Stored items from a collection
#####
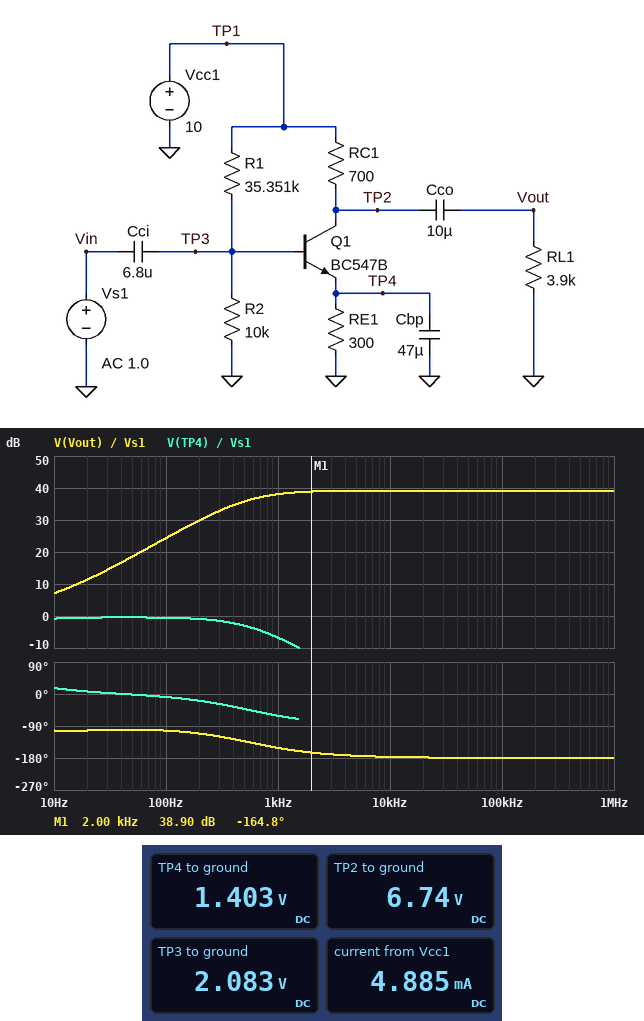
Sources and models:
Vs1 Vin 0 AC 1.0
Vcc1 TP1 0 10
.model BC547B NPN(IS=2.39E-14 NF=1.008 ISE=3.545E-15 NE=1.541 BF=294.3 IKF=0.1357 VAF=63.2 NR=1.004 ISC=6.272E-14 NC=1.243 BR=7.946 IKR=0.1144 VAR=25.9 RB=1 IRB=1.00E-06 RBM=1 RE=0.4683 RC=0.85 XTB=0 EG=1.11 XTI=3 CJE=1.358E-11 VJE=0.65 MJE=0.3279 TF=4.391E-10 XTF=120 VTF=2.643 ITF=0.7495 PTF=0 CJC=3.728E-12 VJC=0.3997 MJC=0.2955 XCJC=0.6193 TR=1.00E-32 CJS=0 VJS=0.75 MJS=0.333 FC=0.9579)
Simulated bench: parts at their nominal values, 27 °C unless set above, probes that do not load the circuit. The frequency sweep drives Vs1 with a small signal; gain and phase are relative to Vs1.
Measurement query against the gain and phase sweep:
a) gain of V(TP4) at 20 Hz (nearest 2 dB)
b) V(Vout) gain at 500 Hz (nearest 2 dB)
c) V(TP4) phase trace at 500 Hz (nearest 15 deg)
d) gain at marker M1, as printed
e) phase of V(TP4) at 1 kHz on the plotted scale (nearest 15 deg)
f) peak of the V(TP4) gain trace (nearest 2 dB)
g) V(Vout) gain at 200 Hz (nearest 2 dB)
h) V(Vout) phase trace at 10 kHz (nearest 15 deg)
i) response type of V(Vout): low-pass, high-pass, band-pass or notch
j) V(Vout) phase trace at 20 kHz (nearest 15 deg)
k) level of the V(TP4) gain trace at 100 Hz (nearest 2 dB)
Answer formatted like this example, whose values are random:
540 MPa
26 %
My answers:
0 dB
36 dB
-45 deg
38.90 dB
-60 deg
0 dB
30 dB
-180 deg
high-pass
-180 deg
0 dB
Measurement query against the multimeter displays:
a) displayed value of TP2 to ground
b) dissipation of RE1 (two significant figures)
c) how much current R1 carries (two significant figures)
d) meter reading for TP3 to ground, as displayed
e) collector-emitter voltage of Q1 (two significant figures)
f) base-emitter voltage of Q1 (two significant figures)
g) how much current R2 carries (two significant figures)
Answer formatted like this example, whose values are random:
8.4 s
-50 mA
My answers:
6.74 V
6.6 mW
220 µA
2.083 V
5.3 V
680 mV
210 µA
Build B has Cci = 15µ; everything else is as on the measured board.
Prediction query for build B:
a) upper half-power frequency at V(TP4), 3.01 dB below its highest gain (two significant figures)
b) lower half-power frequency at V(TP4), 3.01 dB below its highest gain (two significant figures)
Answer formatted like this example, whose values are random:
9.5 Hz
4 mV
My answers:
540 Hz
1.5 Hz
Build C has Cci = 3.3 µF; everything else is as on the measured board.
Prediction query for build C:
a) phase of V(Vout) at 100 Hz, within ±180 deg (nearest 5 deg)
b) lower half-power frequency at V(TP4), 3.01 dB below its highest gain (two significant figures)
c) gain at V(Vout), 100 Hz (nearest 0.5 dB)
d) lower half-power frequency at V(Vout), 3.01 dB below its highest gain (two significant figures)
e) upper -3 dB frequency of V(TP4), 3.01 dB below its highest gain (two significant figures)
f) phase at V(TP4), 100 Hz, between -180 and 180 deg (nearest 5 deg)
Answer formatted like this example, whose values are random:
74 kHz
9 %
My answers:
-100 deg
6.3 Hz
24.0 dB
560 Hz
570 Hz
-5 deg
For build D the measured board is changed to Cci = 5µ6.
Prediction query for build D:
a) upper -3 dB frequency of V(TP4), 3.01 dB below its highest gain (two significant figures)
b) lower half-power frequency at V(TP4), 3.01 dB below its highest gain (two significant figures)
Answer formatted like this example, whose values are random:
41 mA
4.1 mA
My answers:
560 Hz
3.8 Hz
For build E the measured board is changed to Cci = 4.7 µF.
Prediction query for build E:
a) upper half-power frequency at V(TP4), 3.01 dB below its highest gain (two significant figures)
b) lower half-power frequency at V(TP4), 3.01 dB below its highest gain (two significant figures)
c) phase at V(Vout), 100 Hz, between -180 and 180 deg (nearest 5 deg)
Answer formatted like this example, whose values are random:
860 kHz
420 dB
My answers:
#####
Reproduce only the lines running from the beginning of the entries above to the line holding "VJS=0.75 MJS=0.333 FC=0.9579)", inclusive. Pictures stay out of the copy.

Sources and models:
Vs1 Vin 0 AC 1.0
Vcc1 TP1 0 10
.model BC547B NPN(IS=2.39E-14 NF=1.008 ISE=3.545E-15 NE=1.541 BF=294.3 IKF=0.1357 VAF=63.2 NR=1.004 ISC=6.272E-14 NC=1.243 BR=7.946 IKR=0.1144 VAR=25.9 RB=1 IRB=1.00E-06 RBM=1 RE=0.4683 RC=0.85 XTB=0 EG=1.11 XTI=3 CJE=1.358E-11 VJE=0.65 MJE=0.3279 TF=4.391E-10 XTF=120 VTF=2.643 ITF=0.7495 PTF=0 CJC=3.728E-12 VJC=0.3997 MJC=0.2955 XCJC=0.6193 TR=1.00E-32 CJS=0 VJS=0.75 MJS=0.333 FC=0.9579)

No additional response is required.